#### Exercise description:
Using the data below, set down every line from the one containing "Rx(pitch). One object per line." through the one containing "1. boat shoe [226,234,302,341]", inclusive and unchanged. Pictures are to be skipped.

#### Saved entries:
•••••
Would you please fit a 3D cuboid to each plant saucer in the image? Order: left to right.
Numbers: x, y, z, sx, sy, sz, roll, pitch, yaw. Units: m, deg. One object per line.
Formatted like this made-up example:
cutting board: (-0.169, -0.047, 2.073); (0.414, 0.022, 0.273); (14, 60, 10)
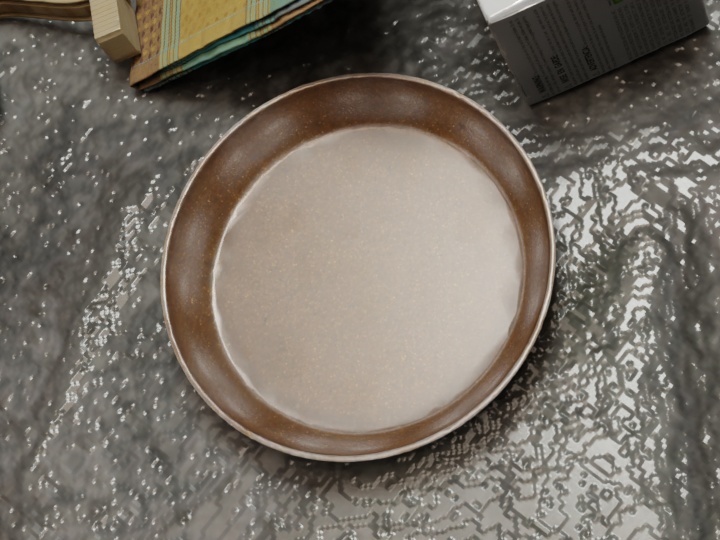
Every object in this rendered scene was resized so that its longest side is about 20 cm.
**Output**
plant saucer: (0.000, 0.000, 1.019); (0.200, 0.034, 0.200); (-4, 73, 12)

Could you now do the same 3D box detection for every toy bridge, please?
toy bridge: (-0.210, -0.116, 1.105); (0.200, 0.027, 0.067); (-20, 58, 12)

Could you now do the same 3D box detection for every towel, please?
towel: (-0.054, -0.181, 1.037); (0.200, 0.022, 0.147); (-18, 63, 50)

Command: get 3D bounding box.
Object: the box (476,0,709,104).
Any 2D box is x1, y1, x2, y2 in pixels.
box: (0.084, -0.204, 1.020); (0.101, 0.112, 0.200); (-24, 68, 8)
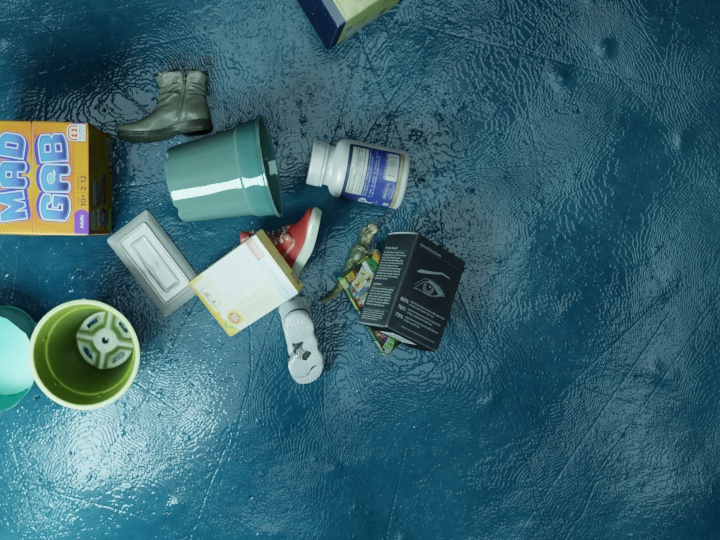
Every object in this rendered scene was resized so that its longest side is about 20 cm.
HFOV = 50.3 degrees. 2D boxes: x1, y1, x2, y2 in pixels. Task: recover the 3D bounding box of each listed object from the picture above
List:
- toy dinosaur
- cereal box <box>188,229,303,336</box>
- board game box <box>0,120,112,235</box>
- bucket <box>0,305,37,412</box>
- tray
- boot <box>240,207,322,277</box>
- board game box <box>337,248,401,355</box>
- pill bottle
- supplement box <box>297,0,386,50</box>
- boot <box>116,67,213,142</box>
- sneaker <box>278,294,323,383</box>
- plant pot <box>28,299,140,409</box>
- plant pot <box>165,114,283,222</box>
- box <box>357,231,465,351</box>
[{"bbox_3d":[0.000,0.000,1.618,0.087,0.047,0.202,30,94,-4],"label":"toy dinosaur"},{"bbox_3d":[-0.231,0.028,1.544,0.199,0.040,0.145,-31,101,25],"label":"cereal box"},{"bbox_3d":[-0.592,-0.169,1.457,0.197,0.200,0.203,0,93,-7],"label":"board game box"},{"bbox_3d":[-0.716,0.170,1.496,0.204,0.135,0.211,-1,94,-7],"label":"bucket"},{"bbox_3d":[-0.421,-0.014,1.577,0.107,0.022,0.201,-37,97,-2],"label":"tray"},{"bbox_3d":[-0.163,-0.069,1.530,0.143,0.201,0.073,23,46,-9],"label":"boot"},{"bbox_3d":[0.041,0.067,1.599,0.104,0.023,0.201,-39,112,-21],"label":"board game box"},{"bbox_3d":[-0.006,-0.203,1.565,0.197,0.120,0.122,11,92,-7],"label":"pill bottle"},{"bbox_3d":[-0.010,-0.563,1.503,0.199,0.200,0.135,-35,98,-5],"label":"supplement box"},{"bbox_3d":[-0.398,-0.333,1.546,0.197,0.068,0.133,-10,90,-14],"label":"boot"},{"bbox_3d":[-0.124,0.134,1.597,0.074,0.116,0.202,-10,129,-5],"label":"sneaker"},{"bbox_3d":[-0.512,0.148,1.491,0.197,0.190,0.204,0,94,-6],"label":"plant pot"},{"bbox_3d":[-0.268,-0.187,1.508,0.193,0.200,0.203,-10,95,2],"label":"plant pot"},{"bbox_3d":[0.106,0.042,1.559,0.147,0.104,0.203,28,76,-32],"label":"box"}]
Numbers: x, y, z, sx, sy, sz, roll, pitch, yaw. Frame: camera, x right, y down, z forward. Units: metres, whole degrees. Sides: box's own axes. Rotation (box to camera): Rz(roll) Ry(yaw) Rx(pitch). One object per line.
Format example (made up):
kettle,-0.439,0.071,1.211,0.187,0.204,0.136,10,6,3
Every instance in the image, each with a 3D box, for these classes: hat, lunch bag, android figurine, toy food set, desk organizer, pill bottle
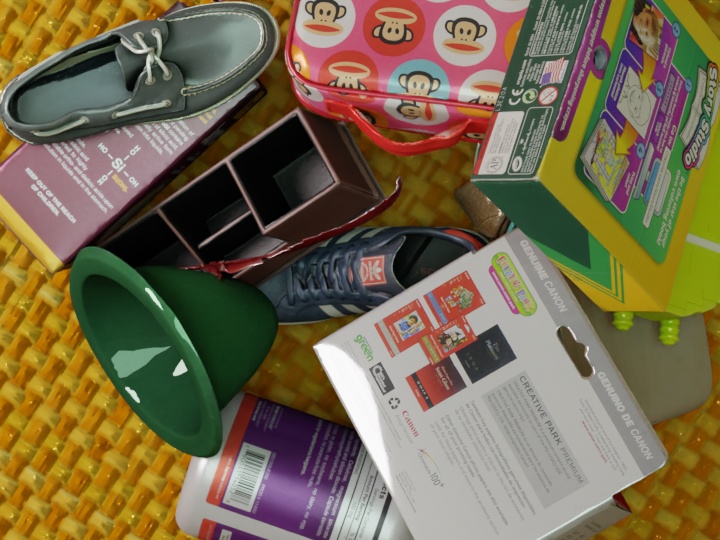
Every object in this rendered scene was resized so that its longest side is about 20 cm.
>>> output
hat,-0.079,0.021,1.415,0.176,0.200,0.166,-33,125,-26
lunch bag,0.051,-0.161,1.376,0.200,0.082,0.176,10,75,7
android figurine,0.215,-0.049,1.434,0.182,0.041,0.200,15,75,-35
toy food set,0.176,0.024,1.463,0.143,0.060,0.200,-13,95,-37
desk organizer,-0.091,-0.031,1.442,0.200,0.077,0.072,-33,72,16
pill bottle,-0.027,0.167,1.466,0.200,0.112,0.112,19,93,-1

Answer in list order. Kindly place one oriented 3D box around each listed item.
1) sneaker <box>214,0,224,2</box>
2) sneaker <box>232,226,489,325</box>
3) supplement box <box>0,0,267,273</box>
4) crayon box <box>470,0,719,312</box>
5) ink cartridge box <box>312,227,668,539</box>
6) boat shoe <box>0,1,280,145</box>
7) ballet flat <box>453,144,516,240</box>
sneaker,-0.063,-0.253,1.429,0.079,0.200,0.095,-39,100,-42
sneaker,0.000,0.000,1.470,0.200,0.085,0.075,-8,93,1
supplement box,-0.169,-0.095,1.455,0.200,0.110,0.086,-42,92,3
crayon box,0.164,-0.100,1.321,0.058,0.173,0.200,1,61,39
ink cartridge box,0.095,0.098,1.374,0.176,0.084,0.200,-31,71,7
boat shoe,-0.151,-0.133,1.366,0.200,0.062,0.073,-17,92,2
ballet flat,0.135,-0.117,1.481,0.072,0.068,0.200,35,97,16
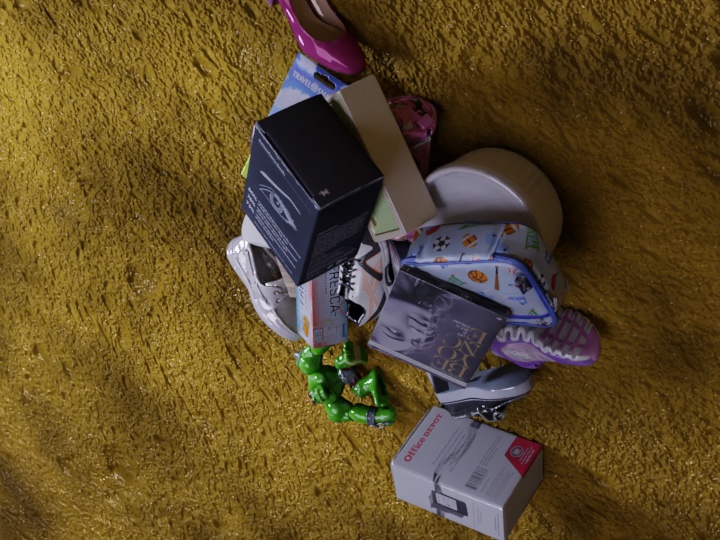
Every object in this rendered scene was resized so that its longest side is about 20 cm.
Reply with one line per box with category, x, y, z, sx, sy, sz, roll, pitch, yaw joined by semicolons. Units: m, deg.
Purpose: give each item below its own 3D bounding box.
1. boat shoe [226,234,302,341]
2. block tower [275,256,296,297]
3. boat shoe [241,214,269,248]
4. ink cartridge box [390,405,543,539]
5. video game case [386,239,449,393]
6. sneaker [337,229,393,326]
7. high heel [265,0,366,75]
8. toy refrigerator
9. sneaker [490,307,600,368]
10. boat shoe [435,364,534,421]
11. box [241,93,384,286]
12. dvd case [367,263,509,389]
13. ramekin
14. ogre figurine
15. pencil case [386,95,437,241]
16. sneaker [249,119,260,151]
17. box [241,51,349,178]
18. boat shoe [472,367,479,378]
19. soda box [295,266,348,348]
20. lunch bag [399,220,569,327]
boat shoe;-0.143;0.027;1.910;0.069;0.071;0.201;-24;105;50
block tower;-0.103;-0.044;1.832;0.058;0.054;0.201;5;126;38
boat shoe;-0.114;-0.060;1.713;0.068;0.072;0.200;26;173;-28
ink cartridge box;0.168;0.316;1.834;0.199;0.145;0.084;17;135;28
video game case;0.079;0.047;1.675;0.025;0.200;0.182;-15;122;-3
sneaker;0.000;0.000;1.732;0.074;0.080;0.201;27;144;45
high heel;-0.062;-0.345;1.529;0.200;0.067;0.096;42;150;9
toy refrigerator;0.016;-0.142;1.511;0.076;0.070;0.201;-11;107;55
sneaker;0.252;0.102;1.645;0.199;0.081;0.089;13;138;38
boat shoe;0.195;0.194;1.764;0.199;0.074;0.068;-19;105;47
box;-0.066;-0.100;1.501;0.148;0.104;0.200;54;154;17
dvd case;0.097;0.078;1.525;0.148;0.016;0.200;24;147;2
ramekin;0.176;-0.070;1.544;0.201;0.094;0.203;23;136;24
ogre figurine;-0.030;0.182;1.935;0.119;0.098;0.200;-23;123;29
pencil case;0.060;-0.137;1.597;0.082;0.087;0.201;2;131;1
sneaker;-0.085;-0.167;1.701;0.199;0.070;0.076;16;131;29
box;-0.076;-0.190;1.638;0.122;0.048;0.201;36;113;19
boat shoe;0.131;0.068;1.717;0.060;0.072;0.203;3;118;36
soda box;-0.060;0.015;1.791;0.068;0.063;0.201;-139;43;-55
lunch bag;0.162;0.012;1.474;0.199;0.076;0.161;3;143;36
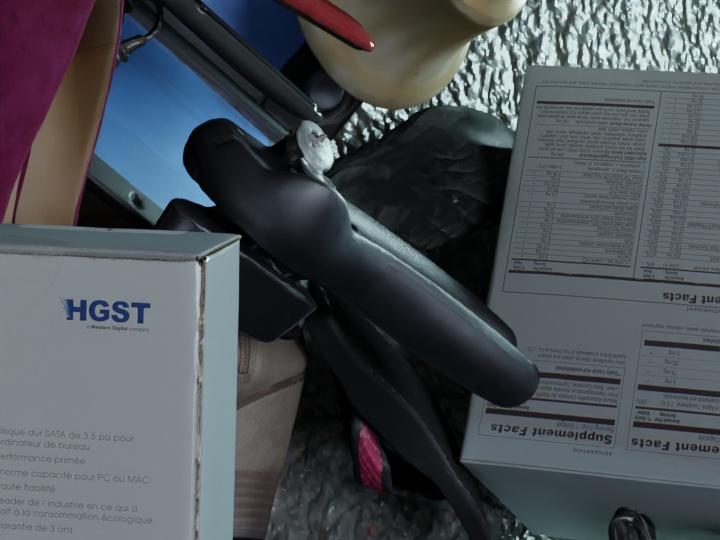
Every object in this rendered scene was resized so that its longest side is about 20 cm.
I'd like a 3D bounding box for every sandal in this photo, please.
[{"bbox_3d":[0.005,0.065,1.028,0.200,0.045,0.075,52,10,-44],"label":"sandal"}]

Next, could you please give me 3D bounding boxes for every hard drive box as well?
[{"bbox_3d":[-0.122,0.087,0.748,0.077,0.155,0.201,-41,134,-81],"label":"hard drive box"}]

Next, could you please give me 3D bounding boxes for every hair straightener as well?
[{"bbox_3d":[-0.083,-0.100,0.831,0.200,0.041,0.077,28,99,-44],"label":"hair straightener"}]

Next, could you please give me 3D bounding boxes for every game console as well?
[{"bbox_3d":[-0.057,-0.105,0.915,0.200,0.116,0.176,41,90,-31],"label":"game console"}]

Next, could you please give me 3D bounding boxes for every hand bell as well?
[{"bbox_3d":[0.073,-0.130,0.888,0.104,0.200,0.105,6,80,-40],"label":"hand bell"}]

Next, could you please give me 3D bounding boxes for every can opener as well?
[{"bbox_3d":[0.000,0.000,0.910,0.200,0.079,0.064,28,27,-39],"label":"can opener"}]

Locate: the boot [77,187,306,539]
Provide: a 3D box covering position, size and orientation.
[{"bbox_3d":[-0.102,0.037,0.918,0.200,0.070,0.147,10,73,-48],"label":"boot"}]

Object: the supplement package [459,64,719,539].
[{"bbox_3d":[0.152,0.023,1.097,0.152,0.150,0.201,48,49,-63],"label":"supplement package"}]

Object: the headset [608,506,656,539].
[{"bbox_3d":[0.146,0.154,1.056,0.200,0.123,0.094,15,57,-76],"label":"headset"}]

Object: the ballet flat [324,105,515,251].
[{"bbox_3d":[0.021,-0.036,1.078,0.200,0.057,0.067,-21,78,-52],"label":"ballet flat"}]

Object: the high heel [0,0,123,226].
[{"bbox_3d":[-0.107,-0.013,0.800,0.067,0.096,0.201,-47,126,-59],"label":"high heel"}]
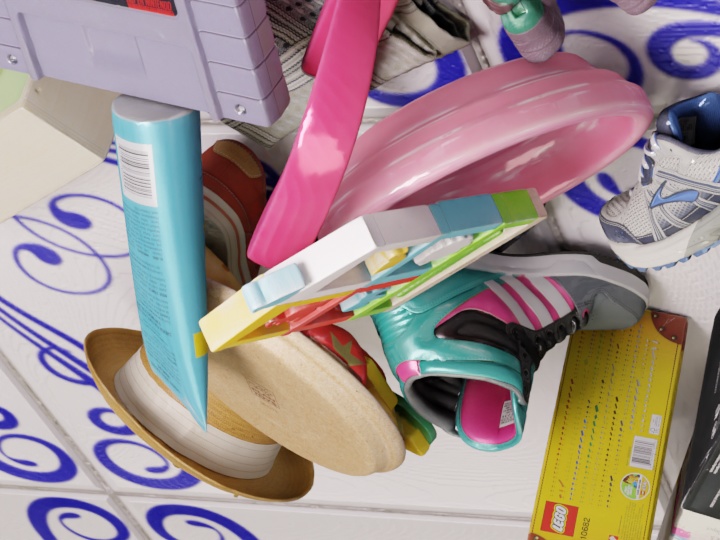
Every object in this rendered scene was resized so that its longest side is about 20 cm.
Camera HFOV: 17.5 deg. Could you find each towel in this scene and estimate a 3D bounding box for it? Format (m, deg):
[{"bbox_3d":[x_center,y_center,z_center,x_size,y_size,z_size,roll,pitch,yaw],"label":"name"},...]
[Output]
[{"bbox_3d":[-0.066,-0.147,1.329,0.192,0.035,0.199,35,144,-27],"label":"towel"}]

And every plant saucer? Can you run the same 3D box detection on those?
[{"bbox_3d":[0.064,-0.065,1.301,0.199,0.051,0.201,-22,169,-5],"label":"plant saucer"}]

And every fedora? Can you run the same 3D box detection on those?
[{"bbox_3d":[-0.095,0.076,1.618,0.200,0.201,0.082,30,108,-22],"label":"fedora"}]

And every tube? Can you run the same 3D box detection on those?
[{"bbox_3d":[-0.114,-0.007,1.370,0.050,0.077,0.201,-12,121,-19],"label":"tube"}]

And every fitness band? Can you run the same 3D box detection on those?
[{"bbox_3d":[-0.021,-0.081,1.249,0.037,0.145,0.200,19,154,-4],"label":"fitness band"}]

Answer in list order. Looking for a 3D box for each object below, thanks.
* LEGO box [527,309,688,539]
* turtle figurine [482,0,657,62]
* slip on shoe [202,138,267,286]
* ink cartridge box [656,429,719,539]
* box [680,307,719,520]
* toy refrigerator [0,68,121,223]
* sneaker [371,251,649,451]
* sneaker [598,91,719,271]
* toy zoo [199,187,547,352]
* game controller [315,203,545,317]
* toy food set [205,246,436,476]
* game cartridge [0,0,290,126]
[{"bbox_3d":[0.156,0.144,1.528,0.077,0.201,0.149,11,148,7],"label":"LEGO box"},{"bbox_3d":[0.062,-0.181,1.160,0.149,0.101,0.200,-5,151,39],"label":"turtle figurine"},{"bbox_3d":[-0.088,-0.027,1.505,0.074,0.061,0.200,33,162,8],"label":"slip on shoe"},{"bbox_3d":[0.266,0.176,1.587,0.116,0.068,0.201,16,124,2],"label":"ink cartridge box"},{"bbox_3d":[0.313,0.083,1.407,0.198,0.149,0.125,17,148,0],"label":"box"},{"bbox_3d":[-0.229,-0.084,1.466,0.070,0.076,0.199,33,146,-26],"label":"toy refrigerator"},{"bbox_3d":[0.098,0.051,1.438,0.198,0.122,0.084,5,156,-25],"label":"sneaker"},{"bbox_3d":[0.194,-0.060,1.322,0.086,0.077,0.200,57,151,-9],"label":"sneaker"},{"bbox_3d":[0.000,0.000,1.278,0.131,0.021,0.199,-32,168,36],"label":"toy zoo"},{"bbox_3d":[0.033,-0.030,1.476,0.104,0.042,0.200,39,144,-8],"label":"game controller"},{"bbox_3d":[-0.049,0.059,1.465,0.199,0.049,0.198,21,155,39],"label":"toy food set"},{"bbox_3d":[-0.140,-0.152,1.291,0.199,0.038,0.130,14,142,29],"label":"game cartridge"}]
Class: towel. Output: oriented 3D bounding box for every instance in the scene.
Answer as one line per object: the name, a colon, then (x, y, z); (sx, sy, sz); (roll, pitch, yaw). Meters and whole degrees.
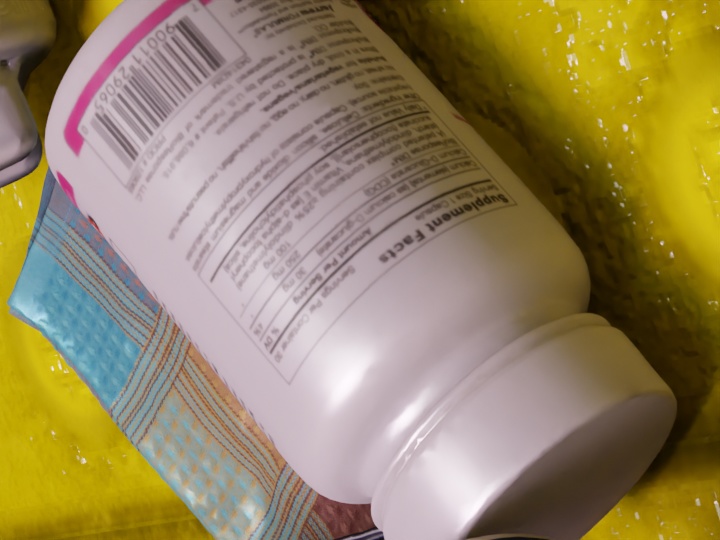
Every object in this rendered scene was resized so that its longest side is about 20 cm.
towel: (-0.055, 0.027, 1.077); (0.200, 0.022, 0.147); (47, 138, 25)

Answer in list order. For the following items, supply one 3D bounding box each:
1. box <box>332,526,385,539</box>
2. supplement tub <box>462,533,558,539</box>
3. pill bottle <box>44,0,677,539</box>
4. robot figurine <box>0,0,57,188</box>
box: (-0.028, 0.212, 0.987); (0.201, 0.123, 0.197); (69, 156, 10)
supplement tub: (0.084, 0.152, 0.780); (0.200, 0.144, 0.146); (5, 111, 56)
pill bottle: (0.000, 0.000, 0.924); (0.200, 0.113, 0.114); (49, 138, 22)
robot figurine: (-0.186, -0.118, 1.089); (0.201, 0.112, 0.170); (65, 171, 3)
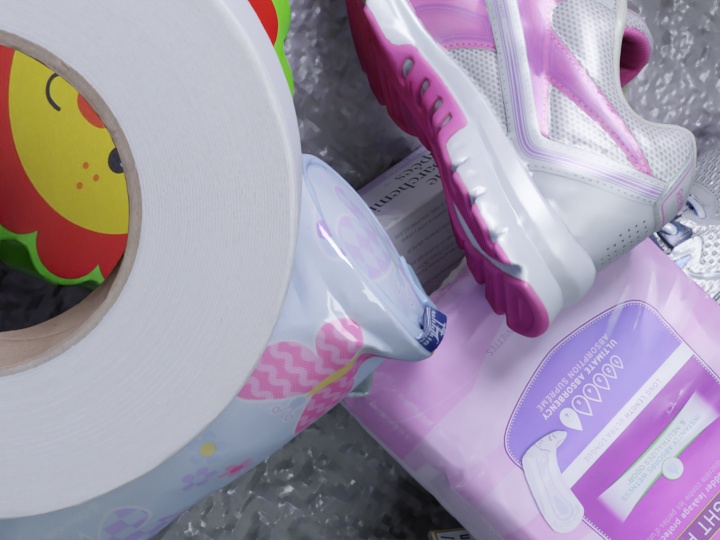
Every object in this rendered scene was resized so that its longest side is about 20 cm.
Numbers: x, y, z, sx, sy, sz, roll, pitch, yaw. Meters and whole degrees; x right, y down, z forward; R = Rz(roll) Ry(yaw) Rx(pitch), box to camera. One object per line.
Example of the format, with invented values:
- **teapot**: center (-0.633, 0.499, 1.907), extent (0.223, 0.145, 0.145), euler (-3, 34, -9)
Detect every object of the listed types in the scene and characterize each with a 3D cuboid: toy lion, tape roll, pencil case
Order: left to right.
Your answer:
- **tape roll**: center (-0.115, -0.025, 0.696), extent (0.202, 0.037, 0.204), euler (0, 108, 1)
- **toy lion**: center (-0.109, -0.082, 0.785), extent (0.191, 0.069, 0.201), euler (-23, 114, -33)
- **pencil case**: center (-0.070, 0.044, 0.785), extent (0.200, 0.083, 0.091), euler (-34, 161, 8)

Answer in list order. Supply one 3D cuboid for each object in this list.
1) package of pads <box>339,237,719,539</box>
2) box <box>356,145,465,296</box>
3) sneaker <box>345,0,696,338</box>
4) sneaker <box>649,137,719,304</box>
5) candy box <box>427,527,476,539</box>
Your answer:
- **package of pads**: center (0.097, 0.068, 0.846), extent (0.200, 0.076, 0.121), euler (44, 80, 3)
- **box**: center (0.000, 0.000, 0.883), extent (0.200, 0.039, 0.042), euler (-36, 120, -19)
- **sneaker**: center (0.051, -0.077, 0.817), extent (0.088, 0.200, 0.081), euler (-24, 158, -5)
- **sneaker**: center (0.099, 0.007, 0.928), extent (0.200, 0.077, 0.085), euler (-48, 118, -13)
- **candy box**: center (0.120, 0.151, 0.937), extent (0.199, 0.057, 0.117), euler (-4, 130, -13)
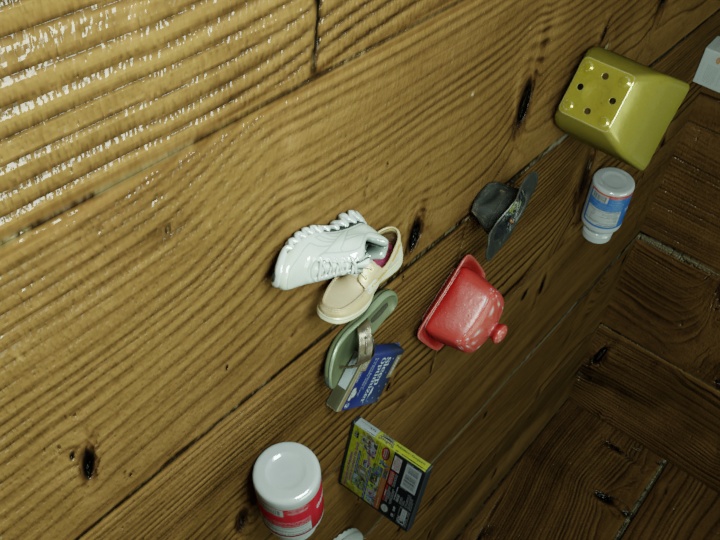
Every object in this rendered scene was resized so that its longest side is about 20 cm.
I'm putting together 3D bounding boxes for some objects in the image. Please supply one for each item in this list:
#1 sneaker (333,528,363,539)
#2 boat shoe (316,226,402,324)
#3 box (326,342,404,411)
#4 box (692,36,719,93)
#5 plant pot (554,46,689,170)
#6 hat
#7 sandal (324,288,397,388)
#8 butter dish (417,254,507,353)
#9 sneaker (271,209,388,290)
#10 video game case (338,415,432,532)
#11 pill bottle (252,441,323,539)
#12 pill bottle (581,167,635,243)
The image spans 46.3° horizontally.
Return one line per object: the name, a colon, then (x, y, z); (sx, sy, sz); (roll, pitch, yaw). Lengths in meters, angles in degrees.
•••••
#### Task solution:
Numbers: x, y, z, sx, sy, sz, roll, pitch, yaw. Frame: camera, x right, y down, z forward. Units: metres, whole degrees. Sides: box's own axes. Rotation (box to camera): Rz(roll) Ry(yaw) Rx(pitch). One object per line.
Format example (made up):
kettle,-0.439,0.071,1.211,0.187,0.204,0.136,10,6,3
Every instance in the image, each with a 3D box, for these classes: hat, lunch bag, android figurine, toy food set, desk organizer, pill bottle
Every object in this rendered scene was resized so that its longest side is about 20 cm.
>>> output
hat,-0.079,0.021,1.415,0.176,0.200,0.166,-33,125,-26
lunch bag,0.051,-0.161,1.376,0.200,0.082,0.176,10,75,7
android figurine,0.215,-0.049,1.434,0.182,0.041,0.200,15,75,-35
toy food set,0.176,0.024,1.463,0.143,0.060,0.200,-13,95,-37
desk organizer,-0.091,-0.031,1.442,0.200,0.077,0.072,-33,72,16
pill bottle,-0.027,0.167,1.466,0.200,0.112,0.112,19,93,-1

Answer in list order. Kindly place one oriented 3D box around each listed item.
1) sneaker <box>214,0,224,2</box>
2) sneaker <box>232,226,489,325</box>
3) supplement box <box>0,0,267,273</box>
4) crayon box <box>470,0,719,312</box>
5) ink cartridge box <box>312,227,668,539</box>
6) boat shoe <box>0,1,280,145</box>
7) ballet flat <box>453,144,516,240</box>
sneaker,-0.063,-0.253,1.429,0.079,0.200,0.095,-39,100,-42
sneaker,0.000,0.000,1.470,0.200,0.085,0.075,-8,93,1
supplement box,-0.169,-0.095,1.455,0.200,0.110,0.086,-42,92,3
crayon box,0.164,-0.100,1.321,0.058,0.173,0.200,1,61,39
ink cartridge box,0.095,0.098,1.374,0.176,0.084,0.200,-31,71,7
boat shoe,-0.151,-0.133,1.366,0.200,0.062,0.073,-17,92,2
ballet flat,0.135,-0.117,1.481,0.072,0.068,0.200,35,97,16
Every object in this rendered scene was resized so that its longest side is about 20 cm.
Reply with one line per box with category, x, y, z, sx, sy, sz, roll, pitch, yaw joined by semicolons. Units: m, deg.
Purpose: give each item below its own 3D bounding box.
1. boat shoe [226,234,302,341]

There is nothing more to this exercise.